# FreeBSD Loader: how to reread partition table?



## varnie (Jan 17, 2009)

hi all~
this is my first post here.

i have successfully installed FreeBSD 7.0 RELEASE which i've updated later to FreeBSD 7.1 RELEASE. i have two slices: first for FreeBSD system itself and the second one for my local files storage (music, videos, etc).

i have successfully installed FreeBSD loader as well.

the problem is that i absolutely have no ideas why FreeBSD loader keeps showing me:


> F1: FreeBSD
> F2: FreeBSD


inspite of the fact i have only *ONE* FreeBSD installed for sure.
of course if i tries to press "F2" i immediately gets message "invalid partition" and that's pretty clear.

well...
how to remove that strange "F2: FreeBSD" option from my FreeBSD Loader's menu ?? i wonder if there any ways of rereading partition table's data or whatever...

thanks for info! i appreciate your efforts.


----------



## danger@ (Jan 17, 2009)

I think you can do it with boot0cfg(8) command.
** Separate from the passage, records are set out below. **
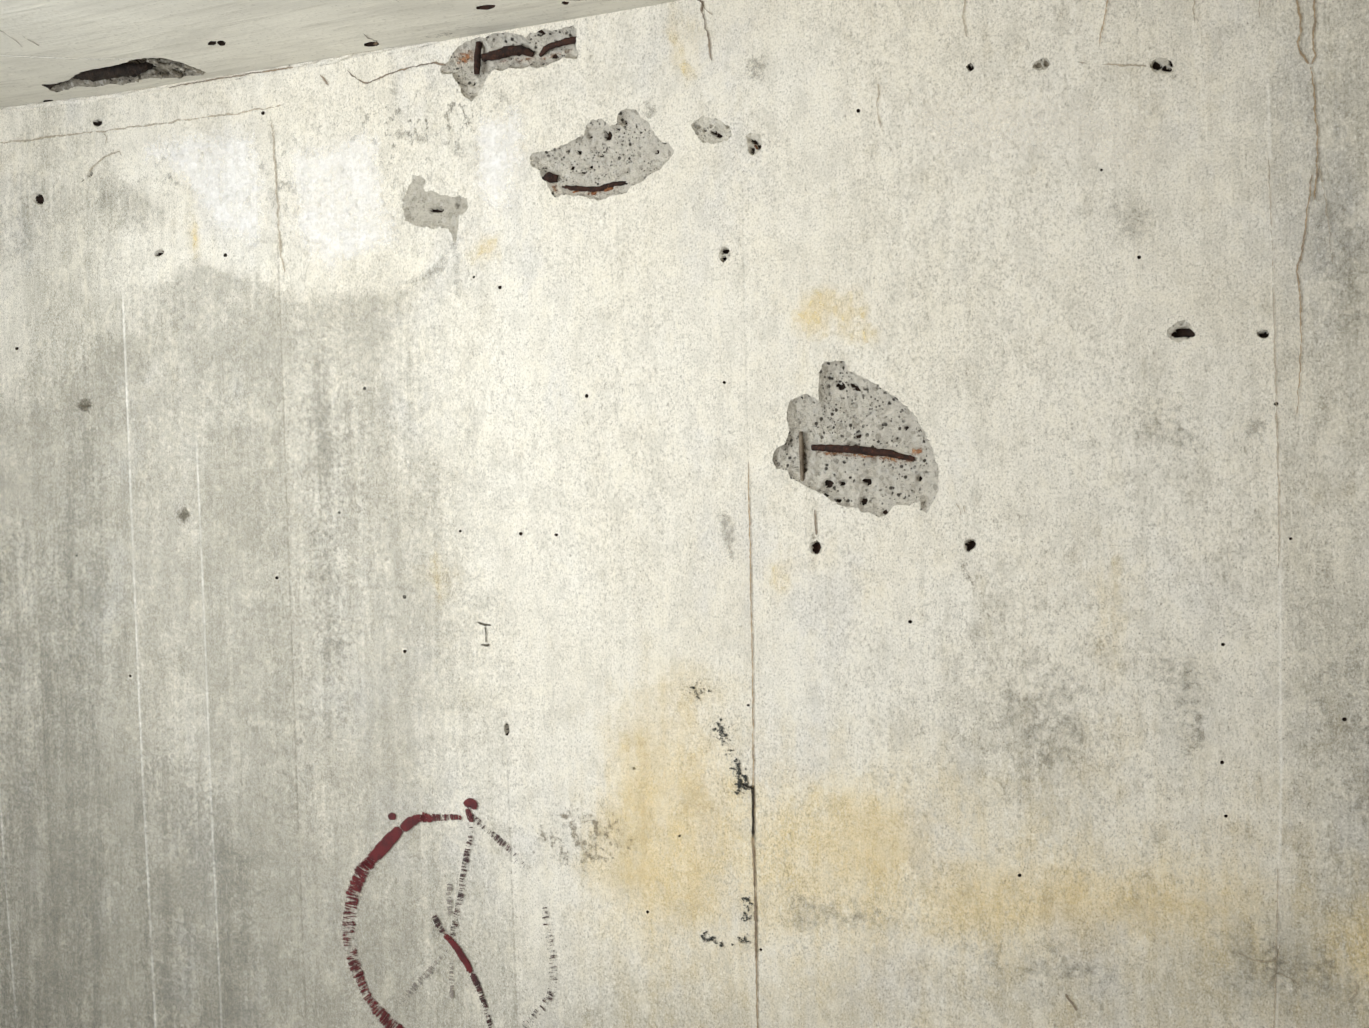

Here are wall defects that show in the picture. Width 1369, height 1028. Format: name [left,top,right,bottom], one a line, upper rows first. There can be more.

crack [1099,0,1108,46]
spalling [0,25,578,112]
spalling [530,108,674,201]
crack [1296,0,1318,413]
spalling [772,360,939,518]
damp [710,716,750,795]
crack [740,462,758,1028]
damp [533,814,610,862]
damp [701,897,753,947]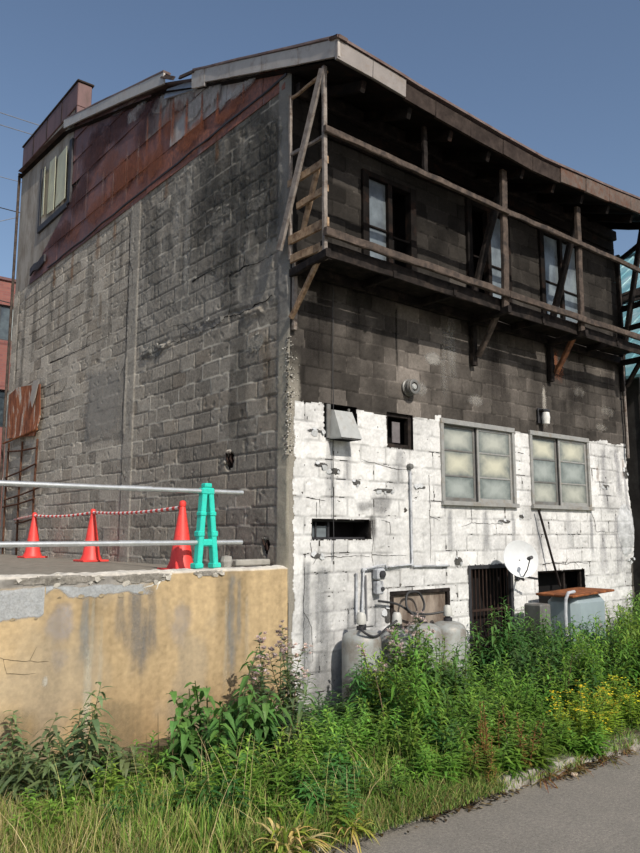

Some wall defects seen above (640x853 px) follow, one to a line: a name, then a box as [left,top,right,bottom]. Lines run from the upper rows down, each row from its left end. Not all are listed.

rust [172,93,203,151]
peeling [129,78,254,122]
crack [192,254,273,282]
crack [210,295,272,329]
peeling [0,573,171,622]
crack [303,520,406,669]

Have a look at its manual page.


----------



## ephemera (Jan 17, 2009)

varnie said:
			
		

> well...
> how to remove that strange "F2: FreeBSD" option from my FreeBSD Loader's menu ?? i wonder if there any ways of rereading partition table's data or whatever...
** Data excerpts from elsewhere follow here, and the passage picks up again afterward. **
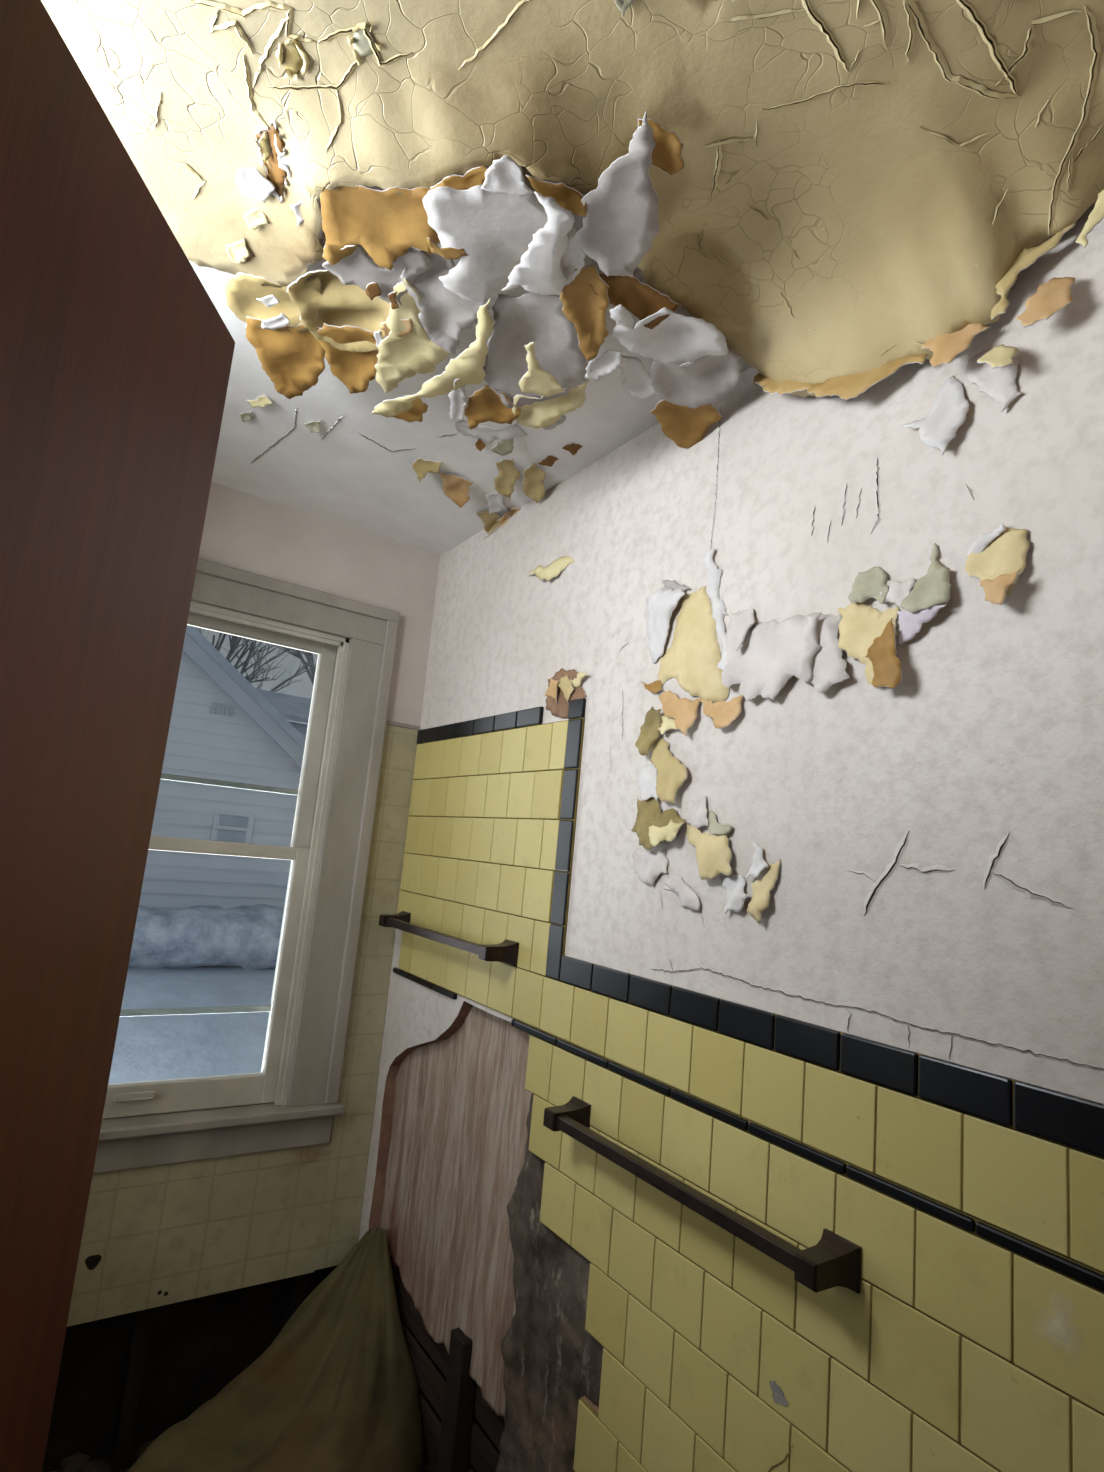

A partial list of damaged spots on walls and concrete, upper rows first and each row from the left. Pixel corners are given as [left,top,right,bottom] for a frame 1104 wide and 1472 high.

crack [190,0,411,171]
crack [458,0,531,70]
crack [154,92,205,200]
peeling [41,0,1104,540]
peeling [545,668,588,719]
peeling [631,522,1030,924]
crack [659,873,705,929]
crack [846,830,1073,916]
crack [650,960,1104,1071]
spalling [307,1265,338,1297]
spalling [42,1313,132,1472]
spalling [134,1278,287,1447]

The fbsd boot0 bootloader lists the primary partitions on the disk and allows you to select the partition you wish to boot from. 
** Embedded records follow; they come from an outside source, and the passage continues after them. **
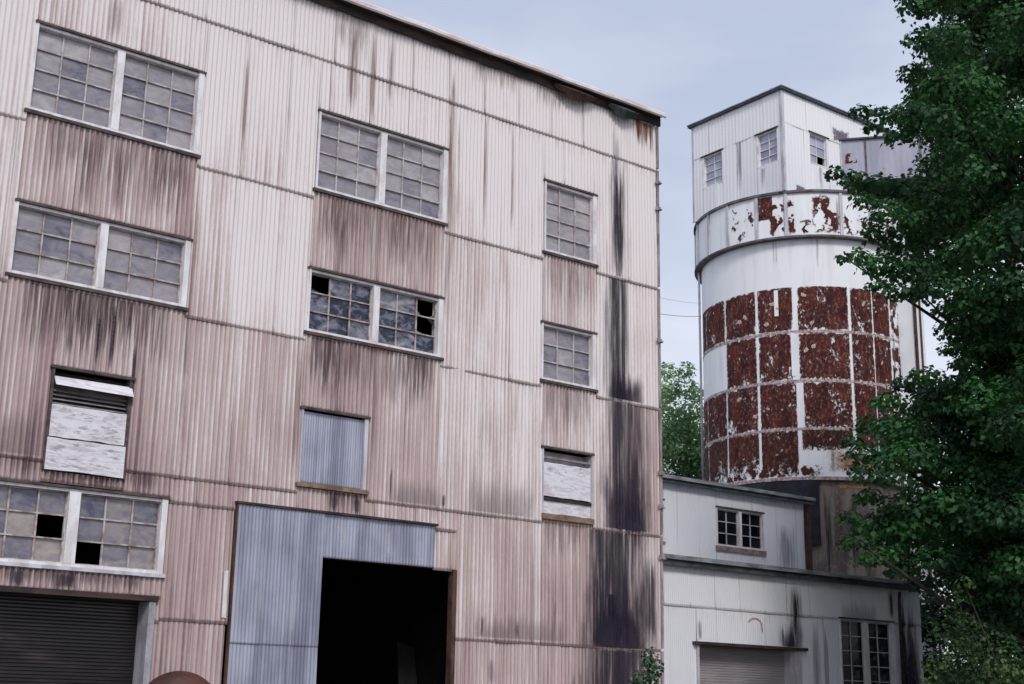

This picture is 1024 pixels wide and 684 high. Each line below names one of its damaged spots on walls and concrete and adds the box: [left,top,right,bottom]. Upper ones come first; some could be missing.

rust [637,120,653,149]
water stain [95,311,116,361]
rust [703,286,901,482]
water stain [592,170,655,684]
water stain [782,593,799,647]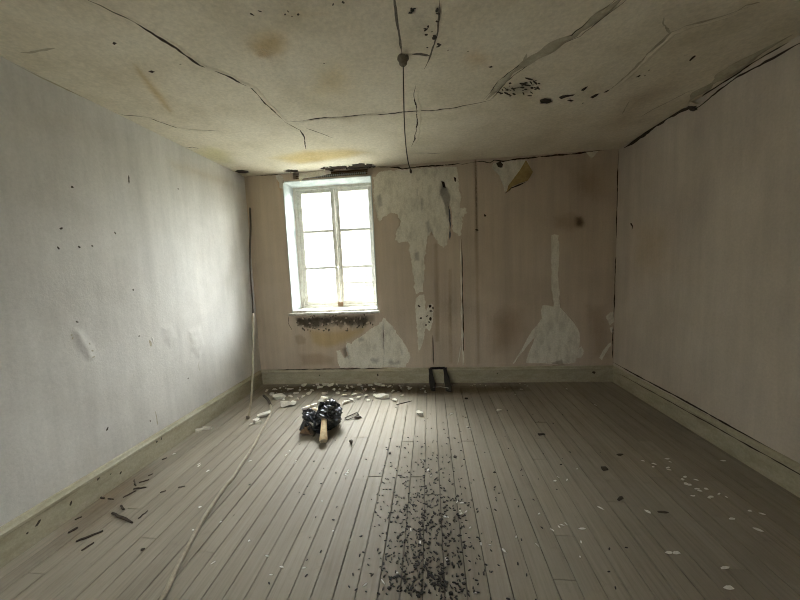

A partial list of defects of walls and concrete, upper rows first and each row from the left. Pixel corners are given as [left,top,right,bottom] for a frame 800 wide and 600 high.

crack [121,113,225,158]
crack [88,0,491,148]
water stain [498,77,540,97]
spalling [539,85,611,104]
crack [608,2,760,92]
water stain [296,314,373,332]
peeling [276,163,467,376]
peeling [512,234,584,365]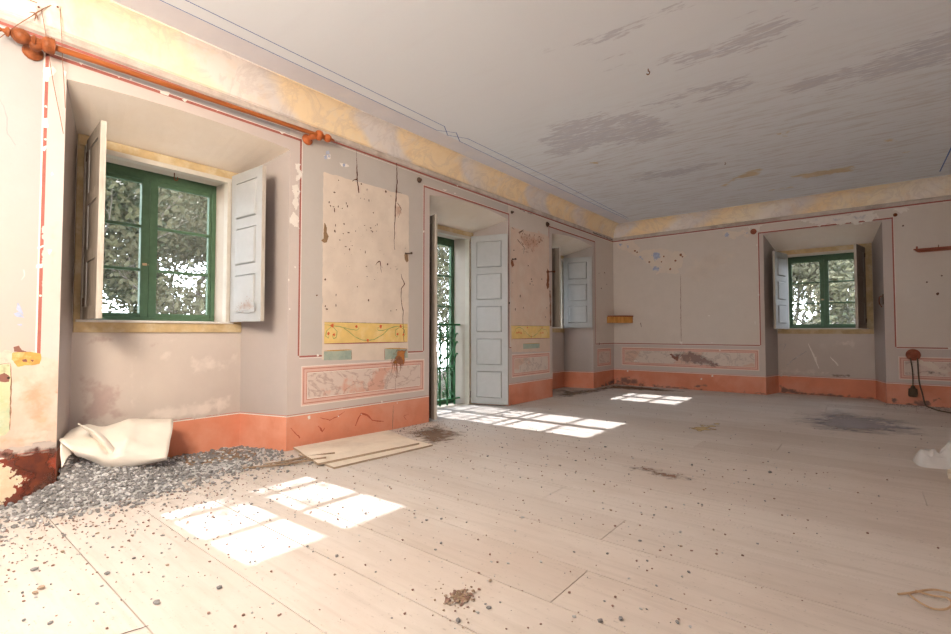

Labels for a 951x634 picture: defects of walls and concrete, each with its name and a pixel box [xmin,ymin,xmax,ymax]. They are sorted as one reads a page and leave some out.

crack [376,163,405,337]
flaking render [0,346,59,505]
rust [391,350,406,390]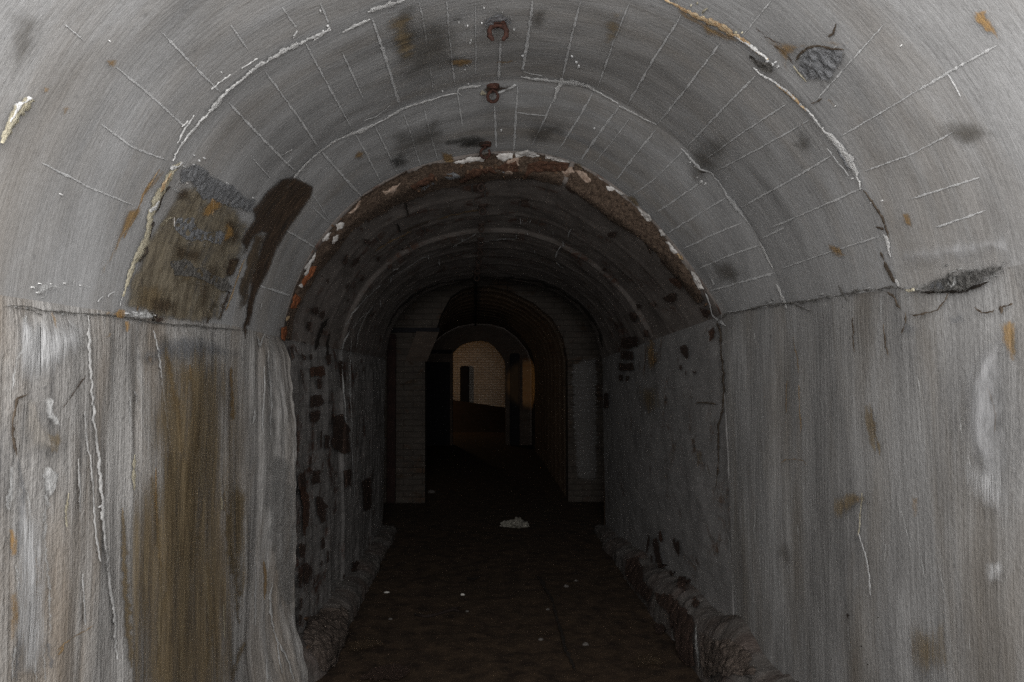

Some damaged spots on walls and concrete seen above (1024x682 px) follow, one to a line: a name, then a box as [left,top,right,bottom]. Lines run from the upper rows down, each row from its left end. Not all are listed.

water stain [120,0,405,305]
water stain [207,64,481,435]
spalling [281,150,726,454]
spalling [793,24,845,82]
crack [697,190,948,490]
spalling [905,264,1001,294]
crack [974,303,1013,314]
water stain [6,313,295,682]

You don't ever need to configure the bootloader and I think that's a cool thing. Lets say you install some other OS in the third partition. As long as you don't remove boot0 from the mbr all you need to do is select the F3 option to boot the new OS.

Ofcourse, you can configure boot0 to not list a partition using boot0cfg(1) if you want to.


----------



## jb_fvwm2 (Jan 18, 2009)

you could install GAG and have the BSD one the "bsd icon" 
and the other partition some other OS more connotative of
music than the BSD one...  Just to answer people's questions
if they watch you boot the machine.
...
because,  the colors a bit more cheerful than default F1 F2...
....
of course, backup everything first...


----------



## cliedo (Jan 18, 2009)

If you used sysinstall and selected the second drive by accidently spacing which slices the second drive also, you can do a sysinstall as root and remove the slices from the second drive and review the man page that danger@
showed


----------



## varnie (Jan 20, 2009)

thanks for help.
yes, boot0cfg has been suitable for me and i forced FreeBSD loader to fix my "strange" "F2: FreeBSD" described above.

but i still didn't get idea why FreeBSD loader thought* there've been TWO FreeBSD installed on my harddrive? why it thought i can boot from 2nd slice (it doesn't marked as bootable if you curious)? 
it has sole partition formatted as UFS and there's NO FreeBSD installed there. it contains only music, video, etc..

any help?~


----------